A ladder 10 meter long is leaning against a wall. If the top of the ladder is sliding down the wall at 3m/s, how fast is the angle between the top of the ladder and the wall changing when the foot of the ladder is 6 meter away from the wall?
let the angle you mentioned be Ø
Let the foot of the ladder be x ft from the wall, and the height of the ladder be y ft
cosØ = y/10
y = 10cosØ
dy/dt = -10sinØ dØ/dt
when x = 6
x^2+y^2=100
y = 8 , and sinØ = 8/10
Also we know dy/dt = -3 m/s
-3 = -10(8/10)(dØ/dt)
dØ/dt = 3/8 radians/s
To find the rate at which the angle between the ladder and the wall is changing, we can use trigonometry. Let's call the length of the ladder (hypotenuse) 'x', the distance the foot of the ladder is from the wall (base) 'y', and the angle between the ladder and the wall 'θ'.
We are given the following information:
- The length of the ladder, x = 10 meters
- The rate at which the top of the ladder is sliding down the wall, dx/dt = -3 m/s (negative sign because the ladder is sliding down)

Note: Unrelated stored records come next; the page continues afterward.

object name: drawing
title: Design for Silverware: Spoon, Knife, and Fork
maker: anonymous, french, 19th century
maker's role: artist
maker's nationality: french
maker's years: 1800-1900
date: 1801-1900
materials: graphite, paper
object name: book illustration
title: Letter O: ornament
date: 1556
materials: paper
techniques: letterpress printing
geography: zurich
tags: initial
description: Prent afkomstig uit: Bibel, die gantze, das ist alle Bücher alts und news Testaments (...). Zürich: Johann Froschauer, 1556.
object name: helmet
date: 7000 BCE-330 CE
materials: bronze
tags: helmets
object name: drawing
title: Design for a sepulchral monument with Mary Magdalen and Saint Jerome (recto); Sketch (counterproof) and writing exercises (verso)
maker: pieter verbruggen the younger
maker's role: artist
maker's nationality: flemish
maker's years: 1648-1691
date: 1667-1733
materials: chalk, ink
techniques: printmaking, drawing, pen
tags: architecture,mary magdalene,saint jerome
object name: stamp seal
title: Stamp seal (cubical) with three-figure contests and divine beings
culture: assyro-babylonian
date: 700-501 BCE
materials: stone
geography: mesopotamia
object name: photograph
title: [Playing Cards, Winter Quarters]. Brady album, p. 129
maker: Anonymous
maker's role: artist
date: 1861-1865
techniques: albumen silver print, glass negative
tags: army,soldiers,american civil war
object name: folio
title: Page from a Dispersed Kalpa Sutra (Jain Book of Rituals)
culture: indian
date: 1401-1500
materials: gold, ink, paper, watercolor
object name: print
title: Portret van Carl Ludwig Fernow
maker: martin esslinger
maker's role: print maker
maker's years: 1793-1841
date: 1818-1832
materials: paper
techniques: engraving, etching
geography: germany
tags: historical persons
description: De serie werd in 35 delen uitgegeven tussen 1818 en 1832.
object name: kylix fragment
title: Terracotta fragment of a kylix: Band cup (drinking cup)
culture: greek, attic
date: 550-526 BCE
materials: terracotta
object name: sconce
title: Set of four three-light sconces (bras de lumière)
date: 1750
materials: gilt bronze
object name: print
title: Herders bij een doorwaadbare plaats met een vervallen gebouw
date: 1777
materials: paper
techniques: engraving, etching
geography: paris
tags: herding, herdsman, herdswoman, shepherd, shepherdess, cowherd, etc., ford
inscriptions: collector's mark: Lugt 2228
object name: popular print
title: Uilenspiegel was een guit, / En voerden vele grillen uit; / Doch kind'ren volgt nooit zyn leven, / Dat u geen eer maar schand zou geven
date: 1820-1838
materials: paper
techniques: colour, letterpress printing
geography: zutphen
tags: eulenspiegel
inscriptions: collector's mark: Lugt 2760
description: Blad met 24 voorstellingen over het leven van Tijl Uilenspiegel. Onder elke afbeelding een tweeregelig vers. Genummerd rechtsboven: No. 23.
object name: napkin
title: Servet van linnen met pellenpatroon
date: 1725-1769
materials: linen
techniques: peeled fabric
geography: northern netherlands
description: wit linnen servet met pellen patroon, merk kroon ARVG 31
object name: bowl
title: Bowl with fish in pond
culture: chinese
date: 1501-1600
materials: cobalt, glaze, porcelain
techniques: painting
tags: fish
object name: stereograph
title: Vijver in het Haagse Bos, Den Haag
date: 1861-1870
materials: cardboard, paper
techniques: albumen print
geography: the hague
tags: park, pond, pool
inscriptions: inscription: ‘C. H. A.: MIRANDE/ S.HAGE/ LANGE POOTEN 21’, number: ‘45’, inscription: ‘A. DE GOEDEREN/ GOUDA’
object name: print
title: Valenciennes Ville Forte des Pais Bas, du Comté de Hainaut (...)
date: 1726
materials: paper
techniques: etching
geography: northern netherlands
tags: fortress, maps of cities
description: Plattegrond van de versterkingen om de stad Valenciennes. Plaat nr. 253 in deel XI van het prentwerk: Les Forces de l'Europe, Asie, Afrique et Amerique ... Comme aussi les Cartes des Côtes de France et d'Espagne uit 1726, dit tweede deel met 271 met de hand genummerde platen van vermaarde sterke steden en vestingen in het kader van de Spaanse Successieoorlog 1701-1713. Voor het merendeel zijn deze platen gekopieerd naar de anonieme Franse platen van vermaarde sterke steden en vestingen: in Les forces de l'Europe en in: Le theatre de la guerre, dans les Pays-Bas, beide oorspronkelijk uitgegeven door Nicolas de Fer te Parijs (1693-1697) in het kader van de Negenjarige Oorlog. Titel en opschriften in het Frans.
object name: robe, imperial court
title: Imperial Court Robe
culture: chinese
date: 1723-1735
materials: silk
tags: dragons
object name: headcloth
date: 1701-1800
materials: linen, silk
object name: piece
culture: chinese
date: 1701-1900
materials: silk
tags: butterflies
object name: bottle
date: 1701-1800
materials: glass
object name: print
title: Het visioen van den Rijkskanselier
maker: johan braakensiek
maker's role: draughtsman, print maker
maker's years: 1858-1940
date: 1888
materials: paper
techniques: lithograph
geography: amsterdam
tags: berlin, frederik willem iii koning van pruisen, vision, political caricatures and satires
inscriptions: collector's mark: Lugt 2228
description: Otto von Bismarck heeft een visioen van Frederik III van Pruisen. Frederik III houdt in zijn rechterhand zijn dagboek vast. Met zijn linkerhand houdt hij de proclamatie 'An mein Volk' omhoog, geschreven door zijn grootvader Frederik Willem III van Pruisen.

We need to find dθ/dt, the rate at which the angle θ is changing when the foot of the ladder is 6 meters away from the wall (y = 6 meters).
Using trigonometry, we know that:
sin(θ) = y / x
Differentiating both sides of the equation with respect to time (t):
d/dt(sin(θ)) = d/dt(y/x)
The derivative of sin(θ) with respect to time is:
cos(θ) * dθ/dt
Applying the chain rule to d/dt(y/x):
d/dt(y/x) = (dx/dt * y - x * dy/dt) / x^2
Substituting the known values into the equation:
-3 = (10 * 6 - 10 * dy/dt) / 10^2
Simplifying the equation:
-3 = (60 - 10 * dy/dt) / 100
-300 = 60 - 10 * dy/dt
10 * dy/dt = 60 + 300
10 * dy/dt = 360
Dividing both sides by 10:
dy/dt = 36 m/s
Therefore, the foot of the ladder is moving away from the wall at a rate of 36 meters per second when the foot is 6 meters away from the wall.
To solve this problem, we'll use trigonometry and differentiation.
Let's define the variables:
- Ladder length (hypotenuse): L = 10 meters
- Rate of change of the top of the ladder sliding down the wall: dx/dt = -3 m/s (negative because it's sliding down)
- Distance between the foot of the ladder and the wall: x = 6 meters
- Angle between the top of the ladder and the wall: θ (we need to find dθ/dt)
We can use the Pythagorean theorem to relate L, x, and the height of the ladder (h):
L^2 = x^2 + h^2
Differentiating both sides with respect to time (t), we get:
2L(dL/dt) = 2x(dx/dt) + 2h(dh/dt)
Substituting the given values and the unknowns we want to find:
2(10)(dL/dt) = 2(6)(-3) + 2h(dh/dt)
20(dL/dt) = -36 + 2h(dh/dt)
We know that h = L*sin(θ), so we substitute it into the equation:
20(dL/dt) = -36 + 2L*sin(θ)(dθ/dt)
Now we have an equation in terms of θ and dθ/dt. We need to find dθ/dt. Let's rearrange the equation to isolate it:
20(dL/dt) - 2L*sin(θ)(dθ/dt) = -36
2L*sin(θ)(dθ/dt) = 20(dL/dt) + 36
dθ/dt = (20(dL/dt) + 36) / (2L*sin(θ))
Plugging in the known values:
dθ/dt = (20(-3) + 36) / (2(10)*sin(θ))
dθ/dt = (-60 + 36) / (20*sin(θ))
dθ/dt = -24 / (20*sin(θ))
dθ/dt = -6 / (5*sin(θ))
Finally, when the foot of the ladder is 6 meters away from the wall, we can find the angle θ using the sine function:
sin(θ) = h / L
sin(θ) = (10^2 - 6^2) / 10
sin(θ) = sqrt(100 - 36) / 10
sin(θ) = sqrt(64) / 10
sin(θ) = 8 / 10
sin(θ) = 0.8
Now we can substitute this value back into our equation for dθ/dt:
dθ/dt = -6 / (5*0.8)
dθ/dt = -6 / 4
dθ/dt = -1.5 rad/s
Therefore, the angle between the top of the ladder and the wall is changing at a rate of -1.5 rad/s when the foot of the ladder is 6 meters away from the wall.